» Activity
Return only the lines below starting at the line containing "Metres and whole" and ending at the line containing "What 3D cuboid", both included, exactly as they are and with no pictures.

□ □ □ □

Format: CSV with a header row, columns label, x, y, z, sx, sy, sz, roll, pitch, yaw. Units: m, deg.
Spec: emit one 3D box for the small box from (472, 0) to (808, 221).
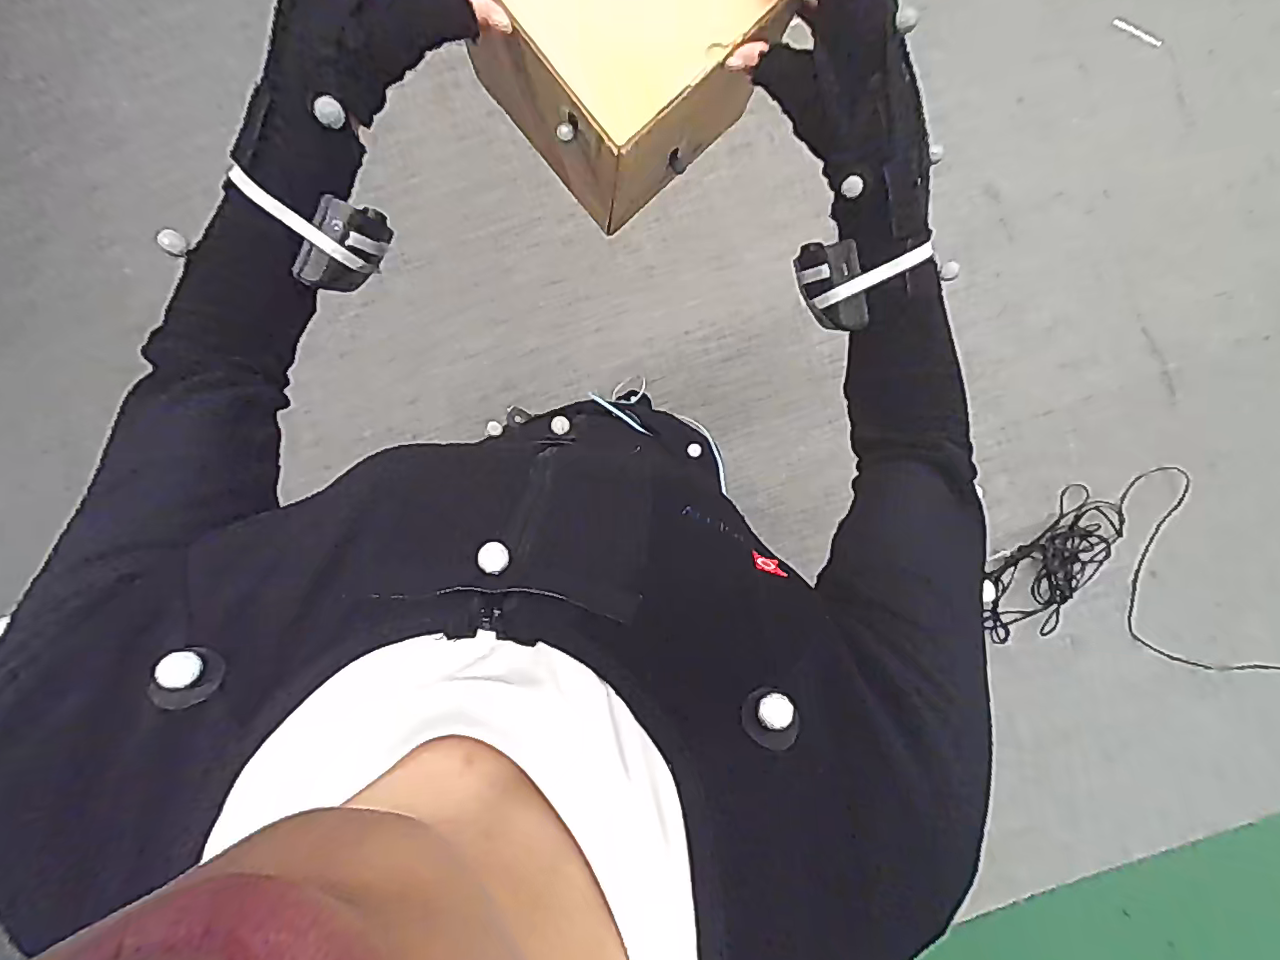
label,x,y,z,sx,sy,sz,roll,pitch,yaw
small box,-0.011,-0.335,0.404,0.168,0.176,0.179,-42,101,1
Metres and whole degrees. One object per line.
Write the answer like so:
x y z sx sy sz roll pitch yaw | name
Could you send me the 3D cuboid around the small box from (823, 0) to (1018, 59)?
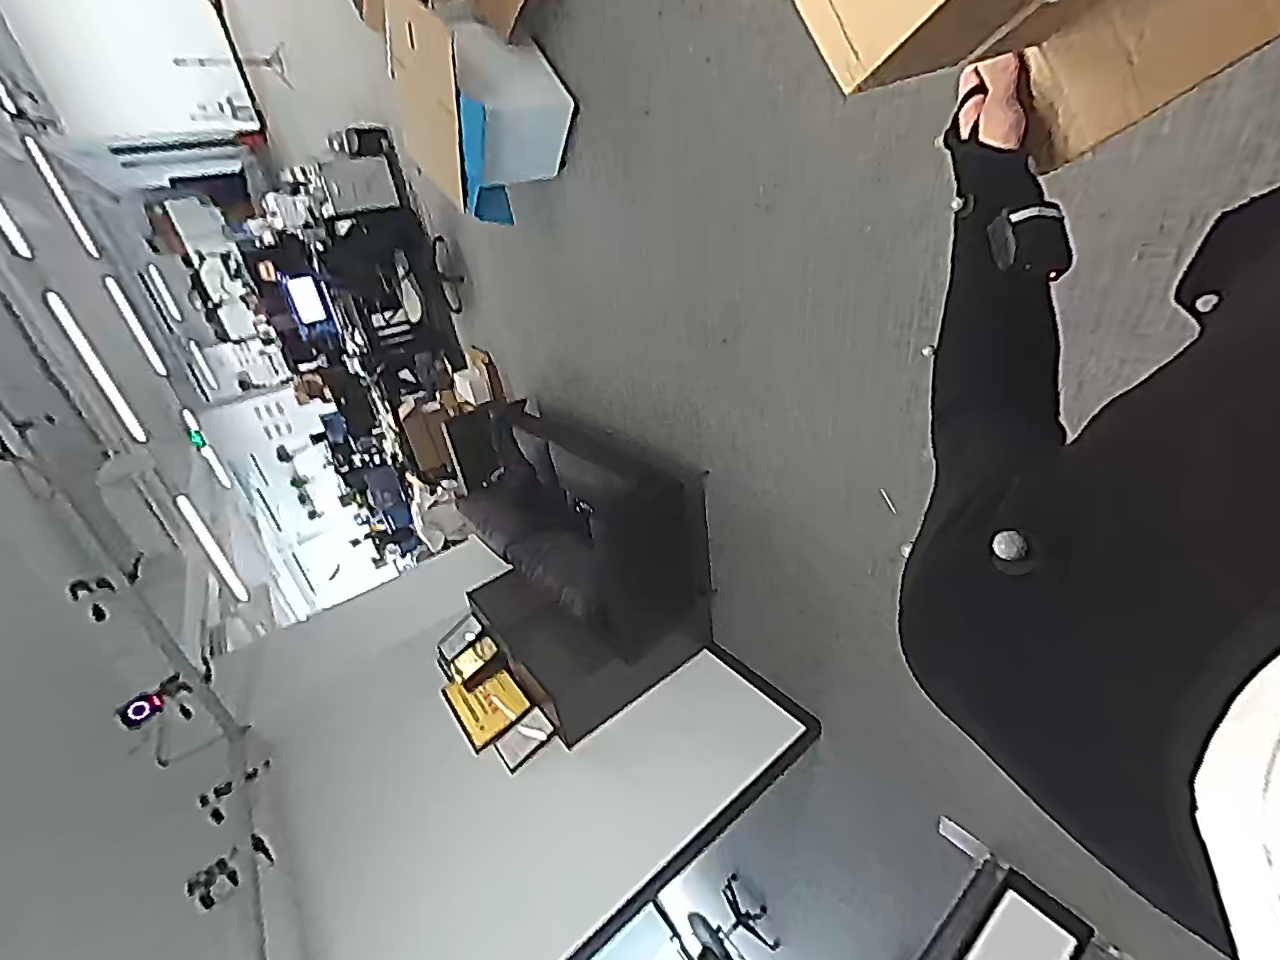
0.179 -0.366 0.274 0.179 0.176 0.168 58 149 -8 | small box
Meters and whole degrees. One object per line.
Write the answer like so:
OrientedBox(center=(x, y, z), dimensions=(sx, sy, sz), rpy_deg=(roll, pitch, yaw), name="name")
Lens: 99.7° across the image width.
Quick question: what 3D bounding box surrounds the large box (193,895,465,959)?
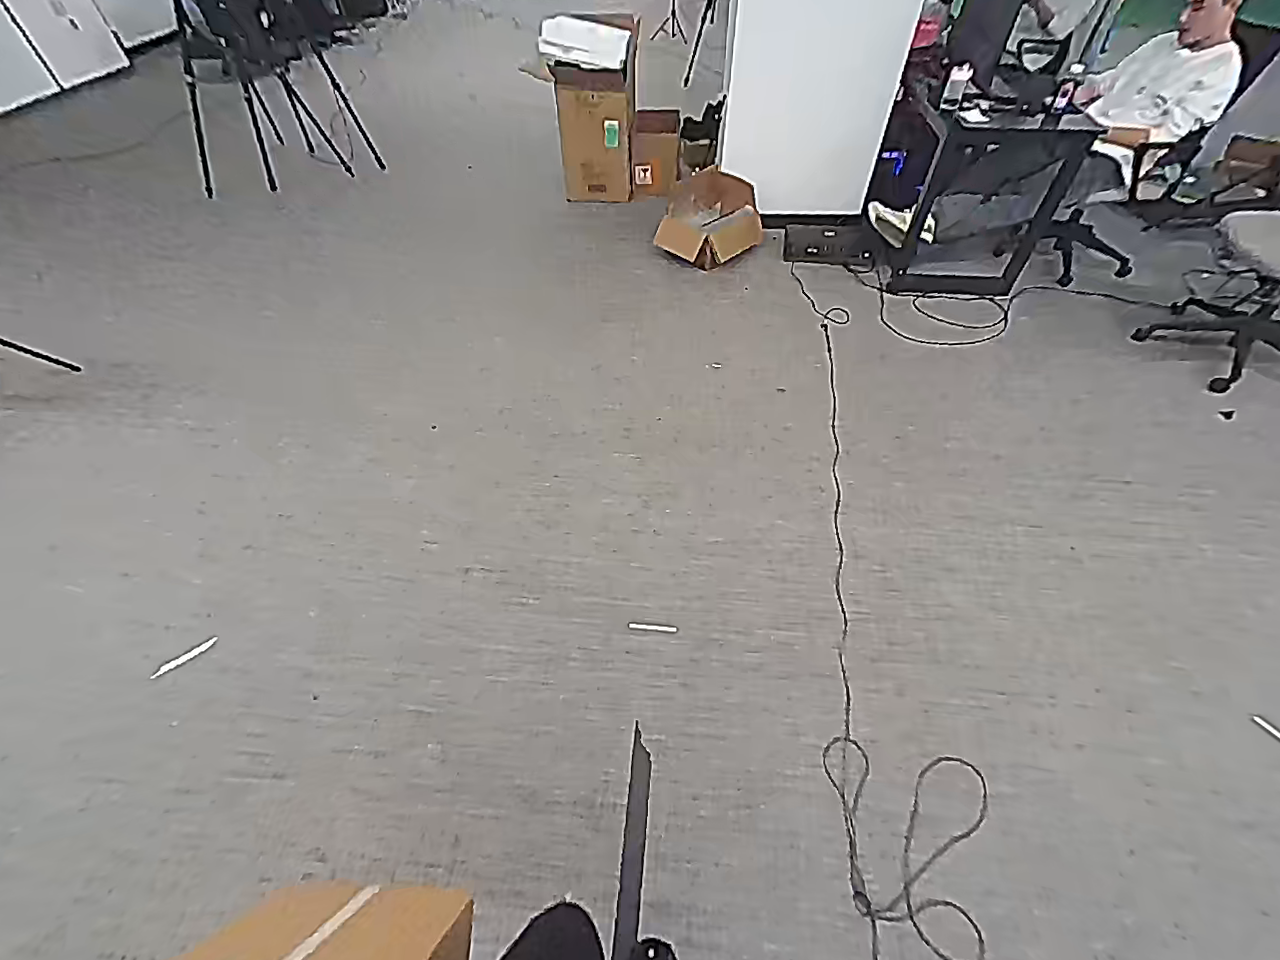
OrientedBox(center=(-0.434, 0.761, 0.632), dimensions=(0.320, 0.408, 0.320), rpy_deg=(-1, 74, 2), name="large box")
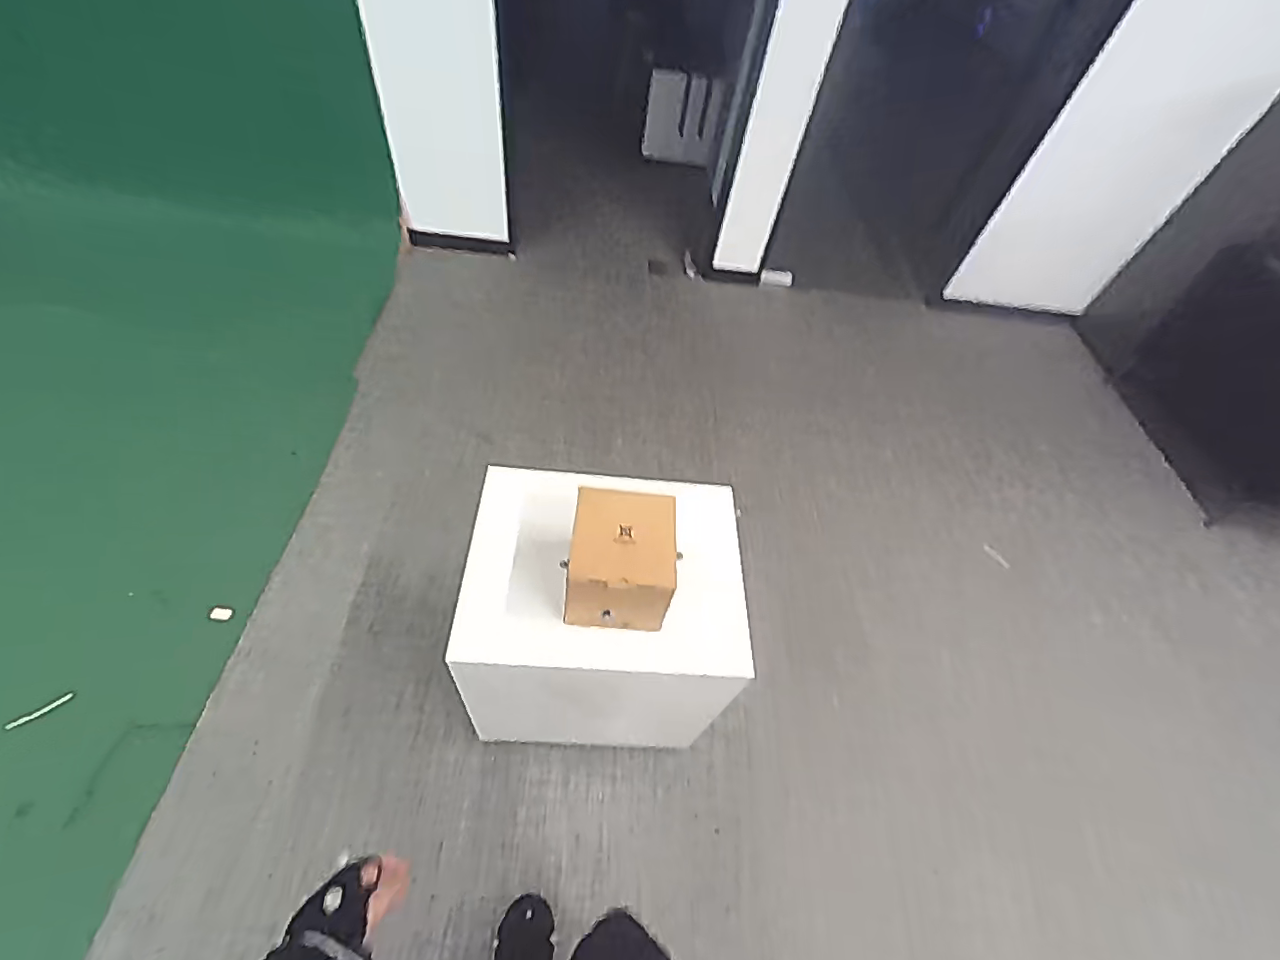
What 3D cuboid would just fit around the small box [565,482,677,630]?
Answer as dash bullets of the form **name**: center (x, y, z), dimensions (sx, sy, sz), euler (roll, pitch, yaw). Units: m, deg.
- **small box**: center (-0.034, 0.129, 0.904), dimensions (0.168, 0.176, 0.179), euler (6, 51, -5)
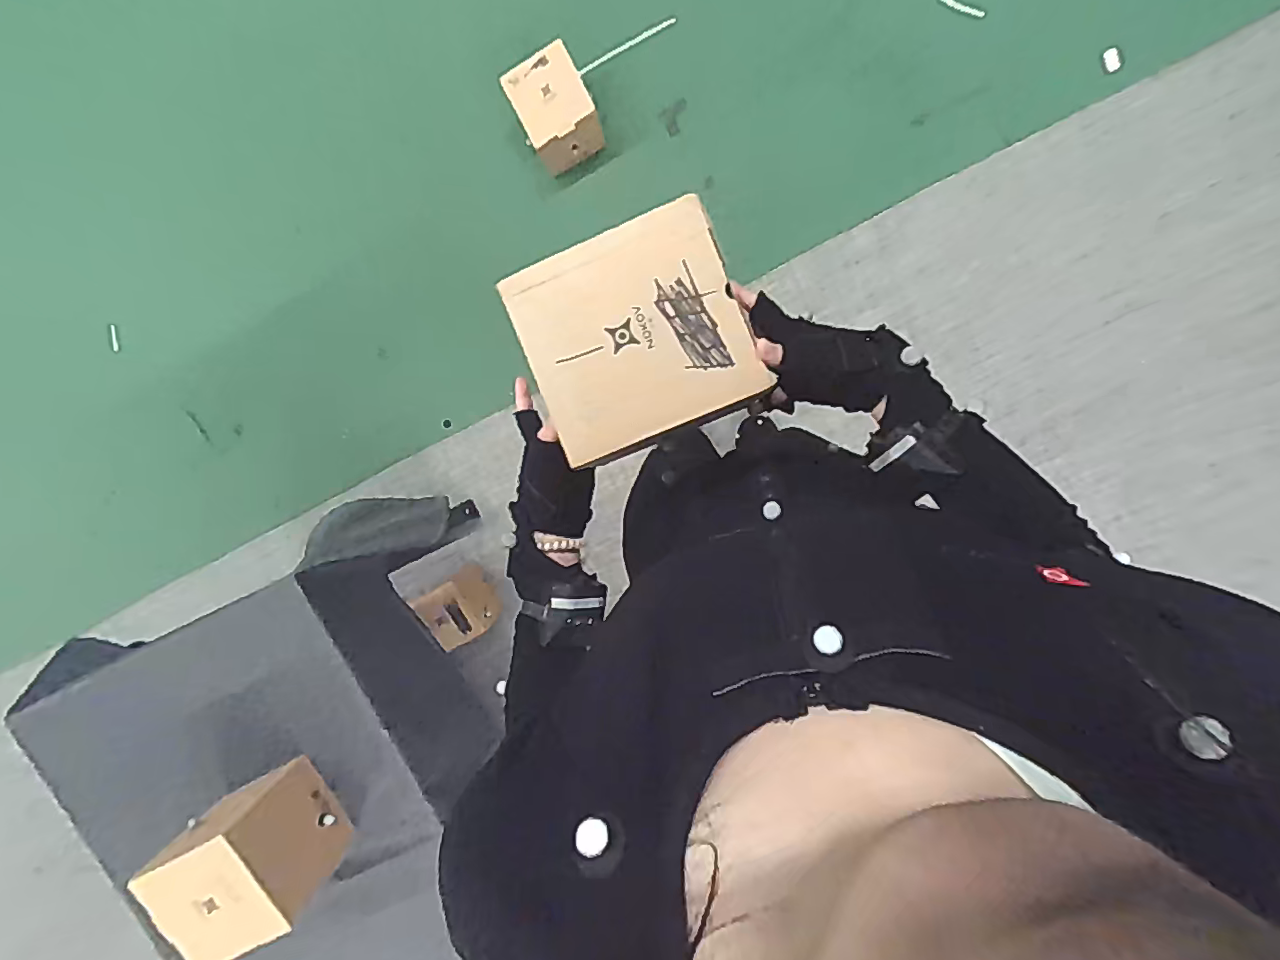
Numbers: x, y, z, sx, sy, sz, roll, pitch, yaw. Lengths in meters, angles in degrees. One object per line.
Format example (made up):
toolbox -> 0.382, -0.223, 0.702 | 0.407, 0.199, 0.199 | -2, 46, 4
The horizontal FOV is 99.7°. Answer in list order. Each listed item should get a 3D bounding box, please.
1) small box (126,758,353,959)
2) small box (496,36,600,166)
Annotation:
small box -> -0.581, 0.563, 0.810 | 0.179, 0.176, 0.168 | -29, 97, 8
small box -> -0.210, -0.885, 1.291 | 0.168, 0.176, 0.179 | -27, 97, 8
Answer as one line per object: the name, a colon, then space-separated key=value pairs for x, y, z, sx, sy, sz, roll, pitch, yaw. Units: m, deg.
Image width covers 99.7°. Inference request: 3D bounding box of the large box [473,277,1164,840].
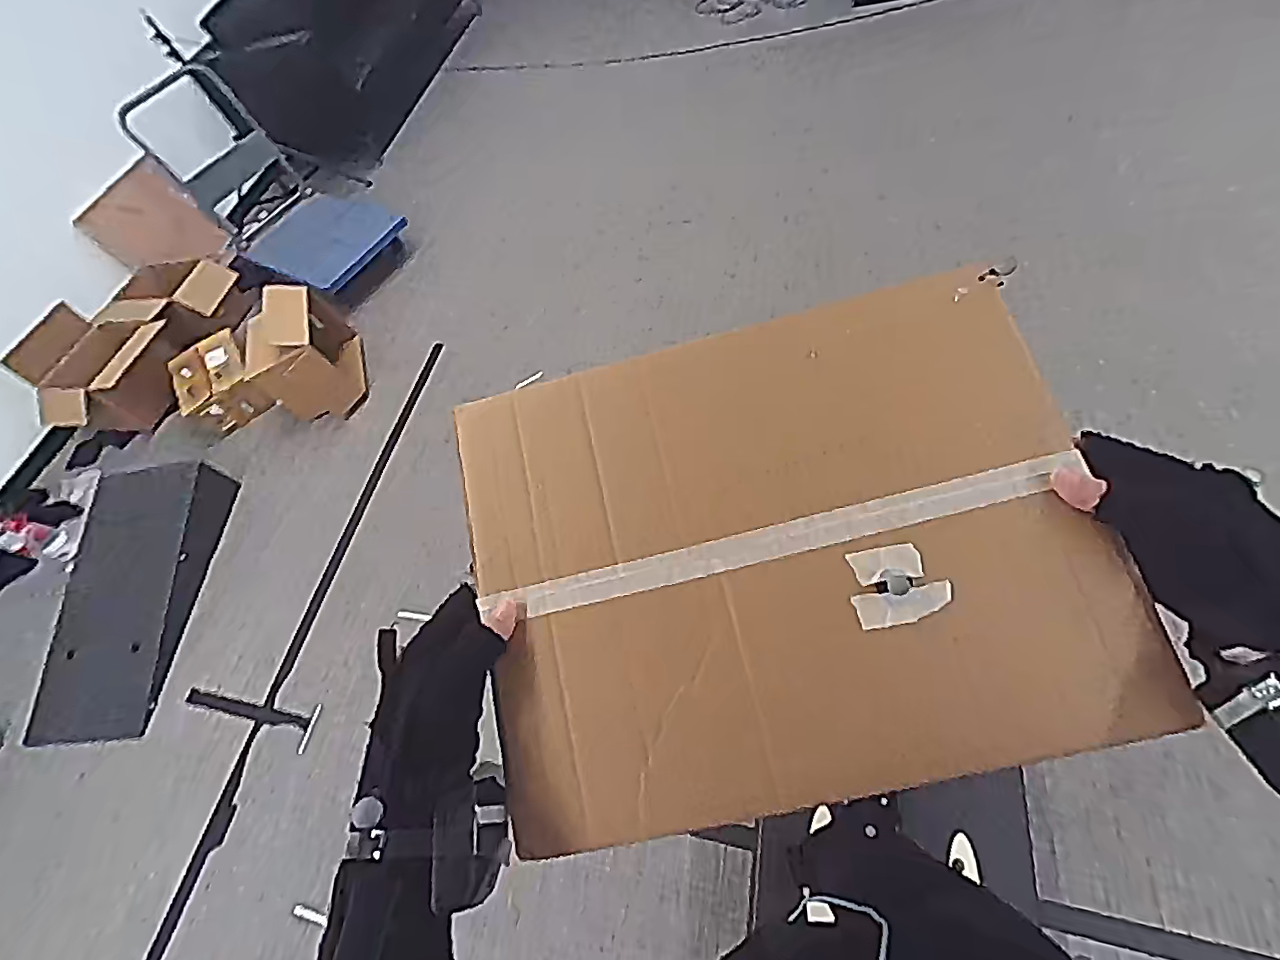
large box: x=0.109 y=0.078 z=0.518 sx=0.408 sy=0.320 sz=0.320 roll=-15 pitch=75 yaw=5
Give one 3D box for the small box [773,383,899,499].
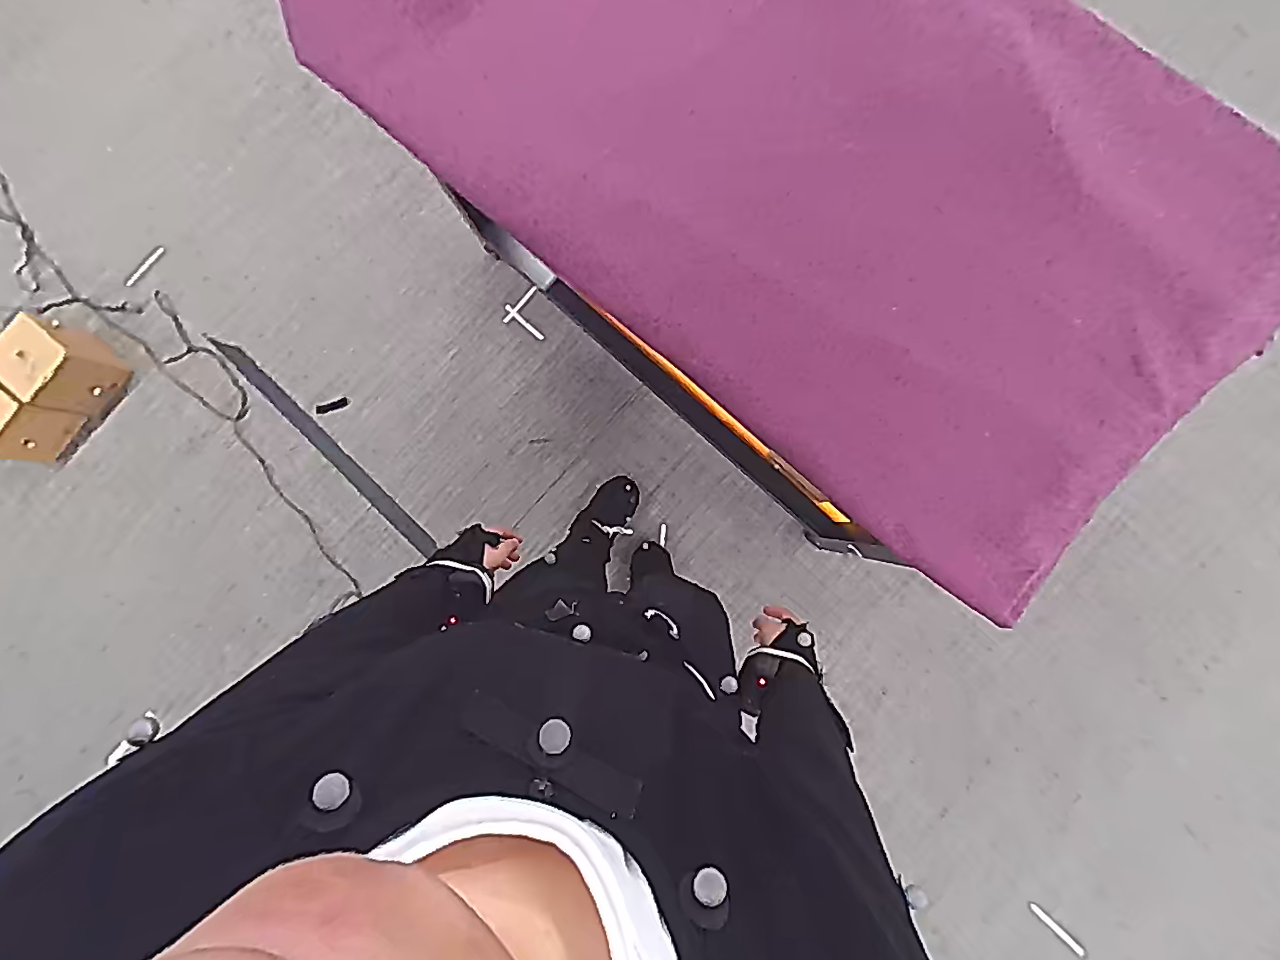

□ □ □ □

» Result of this exercise
Metres and whole degrees. One object per line.
Write the answer like so:
x y z sx sy sz roll pitch yaw | name
Could you send me the 3D cuboid around the small box from (823, 0) to (1018, 59)?
0.179 -0.366 0.274 0.179 0.176 0.168 58 149 -8 | small box
Meters and whole degrees. One object per line.
Write the answer like so:
OrientedBox(center=(x, y, z), dimensions=(sx, sy, sz), rpy_deg=(roll, pitch, yaw), name="name")
Lens: 99.7° across the image width.
Quick question: what 3D bounding box surrounds the large box (193,895,465,959)?
OrientedBox(center=(-0.434, 0.761, 0.632), dimensions=(0.320, 0.408, 0.320), rpy_deg=(-1, 74, 2), name="large box")
What 3D cuboid would just fit around the small box [565,482,677,630]?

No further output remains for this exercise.